- The Washington Times - Monday, May 30, 2005

As the resident centrist on these pages, it might be supposed that I was pleased by the action of the 14 senators who made the arrangement to preserve the filiuster. This little “insurrection” in the exclusive club of the Senate is now being hailed or condemned as a putsch of the “moderates” in both parties.

Not quite so fast. First of all, the term centrist is often tossed about these days with the implied meaning that it is the same as “moderate.”

It is further implied that a centrist, so defined, is always to be in the middle. I don’t think so. A centrist is not defined by measuring halfway from the left and halfway to the right.

As I see it, a centrist is someone who sees the issues from where the center of the country is. That is why presidential elections are always fought in the political center.

I don’t mean that the center is a mere popularity contest, or can be measured by any opinion poll. This country has almost always been a centrist nation. Politicians of the far left and the far right have not ever succeeded at the highest levels. Sometimes the political center is liberal. Sometimes it is conservative.

In the issue of the filibuster, the political center was consistent with the fundamental notion that the people’s business, with some explicit exceptions, is conducted by majority rule. The existence of the filibuster, a peculiar Senate rule, was allowed to persist because it was rarely employed.

Very recently, however, the filibuster rule was, by magical fiat, expanded to mean that 41 senators could hold up anything or anyone they opposed. The true centrist position on the filibuster, given the inflexible position of its supporters, was to abolish it.

What really happened the other day was that 14 senators, only half of whom are truly centrists, fashioned a “deal.” I suspect the life of this “deal” will be measured in hours or days or weeks. In reality, the administration has received exactly what it wanted, a majority vote on its judicial nominees. A promise not to filibuster except in “extraoridinary circumstances” has the weight of a feather. The moment another filibuster begins, the deal is off.

Yes, there are seven Republican senators who signed on to the deal. But is there anyone with even a superficial knowledge of political reality who believes that these men and women would continually resist the program of their own president so recently re-elected in a decisive manner?

Perhaps if that president were proposing solutions far off the political center, these senators could, and even should, oppose him. The propaganda of the Democrats has compulsively characterized President Bush in this way, but the country did not agree in 2004.

On at least one issue I think the president is off center. That is the issue of stem-cell research. The president’s position is consistent with his pro-life position, and satisfies the expectations of a good part of his political base. I do not fault him for that.
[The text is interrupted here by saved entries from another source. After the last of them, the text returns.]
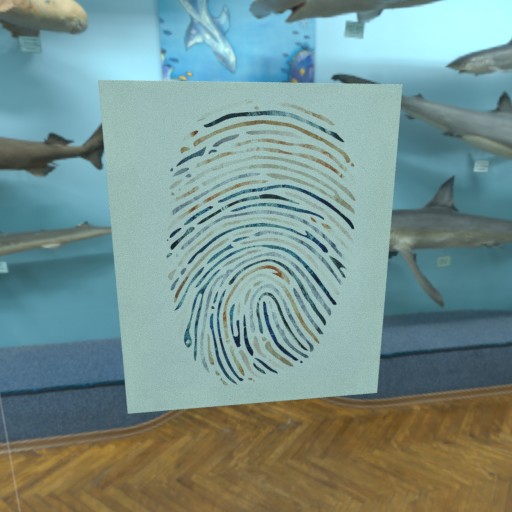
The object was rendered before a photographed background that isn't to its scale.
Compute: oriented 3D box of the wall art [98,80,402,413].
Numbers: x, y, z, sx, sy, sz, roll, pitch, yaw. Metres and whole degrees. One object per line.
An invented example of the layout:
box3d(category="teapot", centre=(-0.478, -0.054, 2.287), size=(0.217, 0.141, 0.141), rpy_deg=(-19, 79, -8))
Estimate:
box3d(category="wall art", centre=(0.000, 0.000, 0.830), size=(0.508, 0.606, 0.037), rpy_deg=(-2, 16, -8))
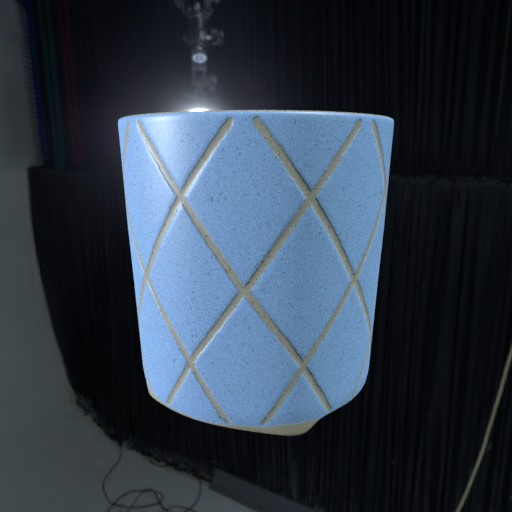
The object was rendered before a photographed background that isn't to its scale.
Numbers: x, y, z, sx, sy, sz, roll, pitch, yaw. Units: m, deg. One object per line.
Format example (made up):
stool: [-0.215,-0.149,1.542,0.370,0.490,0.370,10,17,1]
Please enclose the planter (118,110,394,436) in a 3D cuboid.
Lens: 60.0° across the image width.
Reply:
planter: [0.000,0.000,0.342,0.191,0.200,0.191,0,14,0]

But most Americans think his position is an impediment to necessary and critical scientific research. Congress is on the verge of passing legislation that the president almost certainly will veto. The proper response would be to override his veto.

Bipartisanship is often a good thing in enacting the people’s business. It will take bipartisanship to reform Social Security and health care. Some education reform has passed, and it took bipartisanship. Most importantly, American foreign policy requires bipartisanship to be positively and fully realized.
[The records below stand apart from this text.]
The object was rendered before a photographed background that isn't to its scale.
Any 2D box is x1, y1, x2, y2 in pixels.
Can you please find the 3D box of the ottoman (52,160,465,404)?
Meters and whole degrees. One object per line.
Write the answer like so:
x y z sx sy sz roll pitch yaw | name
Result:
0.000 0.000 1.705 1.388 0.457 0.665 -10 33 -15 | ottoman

Now that the 2004 election is over, Sen. Joseph Biden, the senior Democratic figure on foreign policy, is resuming the bipartisanship he and Sen. Richard Lugar, the Republican Senate Foreign Relations Committee chairman, so ably articulated before 2004.

Sometimes, however, it takes partisanship to make political reform. And persistence. The president’s ideas about Social Security have been continually written off since he first expressed them. Private accounts, we are told, will not ever happen.
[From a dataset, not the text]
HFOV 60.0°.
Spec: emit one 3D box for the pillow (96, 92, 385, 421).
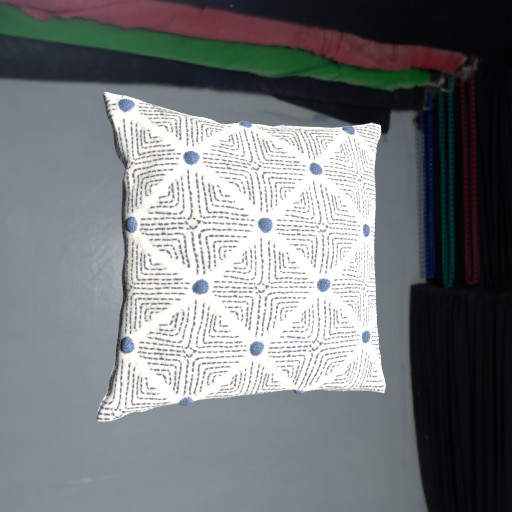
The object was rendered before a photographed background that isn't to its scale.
[{"bbox_3d":[0.000,0.000,0.761,0.510,0.510,0.145,1,-2,-18],"label":"pillow"}]

But the president is a persistent man. He has made the unspeakable the most talked-about issue in the country. He has identified the political center on this and many other issues, and it is premature to predict he will not succeed.

On paper, the filibuster still exists. In reality, it no longer can block legislation and nominees who require a majority vote. The “centrists” gave a face-saving exit to the Democrats who wanted to paralyze the Senate, but the political center will no longer permit them to do so.

The president will need to continue to seek compromise if he wishes to enact his ambitious program, and the Democrats will have to face the fact that the voters of America have returned the Republicans to control of the House and the Senate for a decade, and the White House for two terms. Those are the indisputable and vital facts.

Barry Casselman writes about national politics for the Preludium News Service.